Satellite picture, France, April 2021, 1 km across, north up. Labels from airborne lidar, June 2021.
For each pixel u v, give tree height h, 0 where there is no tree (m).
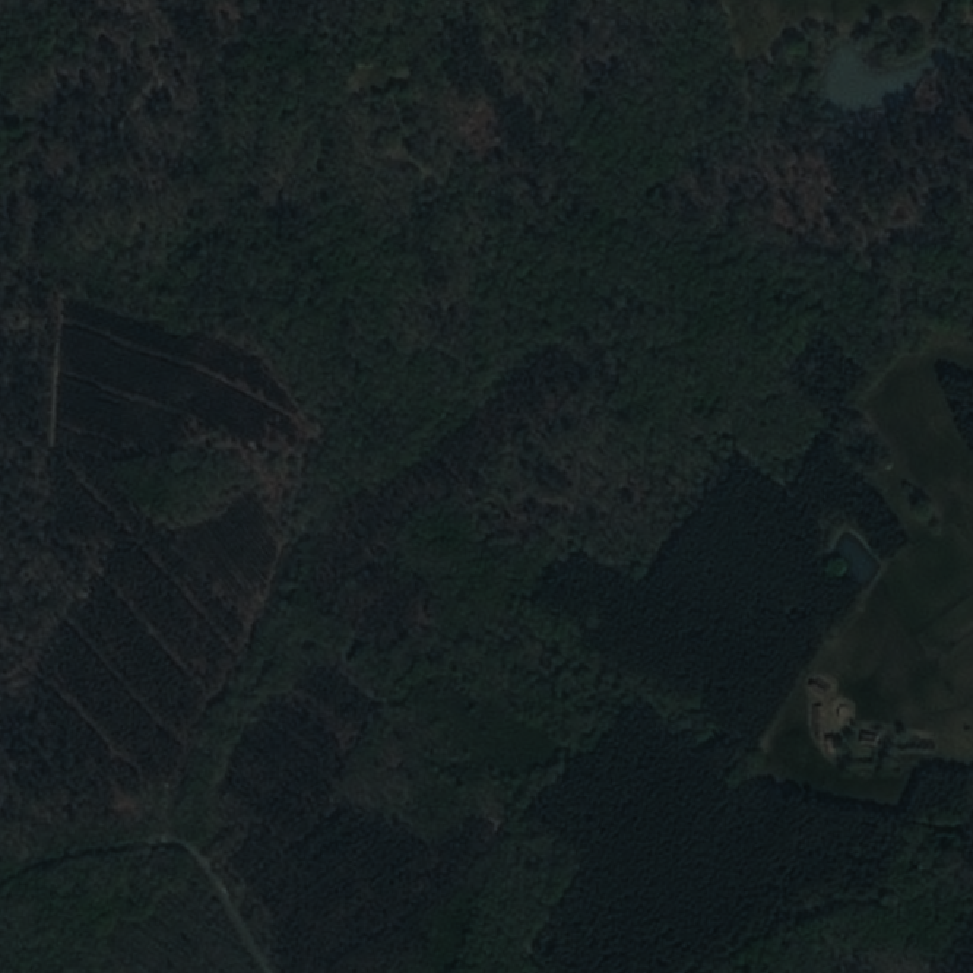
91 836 13
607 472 16
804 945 20
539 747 11
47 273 13
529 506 7
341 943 13
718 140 22
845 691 0
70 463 14
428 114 9
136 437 7
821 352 20
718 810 20
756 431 19
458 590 17
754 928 18
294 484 15
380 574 17
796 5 0
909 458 0
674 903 22
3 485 16
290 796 19
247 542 7
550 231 16
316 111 13
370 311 23
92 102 19
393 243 21
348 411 24
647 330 14
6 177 11
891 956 16
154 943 14
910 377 0
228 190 25
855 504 20
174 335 7
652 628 22
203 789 19
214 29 21
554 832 20
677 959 22
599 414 17
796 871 19
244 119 17
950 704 0
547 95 20
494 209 20
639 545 16
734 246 23
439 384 20
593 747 18
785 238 13
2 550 12
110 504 19
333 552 16
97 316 8
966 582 0
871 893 21
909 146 24
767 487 21
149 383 7
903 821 18
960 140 25
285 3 24
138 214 20
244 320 22
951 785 21
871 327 26
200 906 10
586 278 24
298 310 28
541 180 18
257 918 10
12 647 13
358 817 16
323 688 14
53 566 10
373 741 14
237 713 24
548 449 19
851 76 0
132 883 17
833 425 10
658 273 17
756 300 23
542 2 22
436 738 9
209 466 20
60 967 20
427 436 23
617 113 21
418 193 18
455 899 14
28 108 13
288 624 21
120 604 20
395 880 16
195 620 21
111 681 20
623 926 20
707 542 17
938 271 24
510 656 16
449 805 11
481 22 13
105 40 10
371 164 16
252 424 8
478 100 10
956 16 18
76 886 25
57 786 26
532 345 22
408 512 14
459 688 7
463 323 10
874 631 0
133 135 18
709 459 20
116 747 15
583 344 21
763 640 20
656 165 21
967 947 19
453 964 11
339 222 18

....

PROBLEM REQUIREMENTS
An exact printout of the listing is needed, minus any pictures it contains.

ANSWER BOX
Satellite picture, France, April 2021, 1 km across, north up. Labels from airborne lidar, June 2021.
For each pixel u v, give tree height h, 0 where there is no tree (m).
91 836 13
607 472 16
804 945 20
539 747 11
47 273 13
529 506 7
341 943 13
718 140 22
845 691 0
70 463 14
428 114 9
136 437 7
821 352 20
718 810 20
756 431 19
458 590 17
754 928 18
294 484 15
380 574 17
796 5 0
909 458 0
674 903 22
3 485 16
290 796 19
247 542 7
550 231 16
316 111 13
370 311 23
92 102 19
393 243 21
348 411 24
647 330 14
6 177 11
891 956 16
154 943 14
910 377 0
228 190 25
855 504 20
174 335 7
652 628 22
203 789 19
214 29 21
554 832 20
677 959 22
599 414 17
796 871 19
244 119 17
950 704 0
547 95 20
494 209 20
639 545 16
734 246 23
439 384 20
593 747 18
785 238 13
2 550 12
110 504 19
333 552 16
97 316 8
966 582 0
871 893 21
909 146 24
767 487 21
149 383 7
903 821 18
960 140 25
285 3 24
138 214 20
244 320 22
951 785 21
871 327 26
200 906 10
586 278 24
298 310 28
541 180 18
257 918 10
12 647 13
358 817 16
323 688 14
53 566 10
373 741 14
237 713 24
548 449 19
851 76 0
132 883 17
833 425 10
658 273 17
756 300 23
542 2 22
436 738 9
209 466 20
60 967 20
427 436 23
617 113 21
418 193 18
455 899 14
28 108 13
288 624 21
120 604 20
395 880 16
195 620 21
111 681 20
623 926 20
707 542 17
938 271 24
510 656 16
449 805 11
481 22 13
105 40 10
371 164 16
252 424 8
478 100 10
956 16 18
76 886 25
57 786 26
532 345 22
408 512 14
459 688 7
463 323 10
874 631 0
133 135 18
709 459 20
116 747 15
583 344 21
763 640 20
656 165 21
967 947 19
453 964 11
339 222 18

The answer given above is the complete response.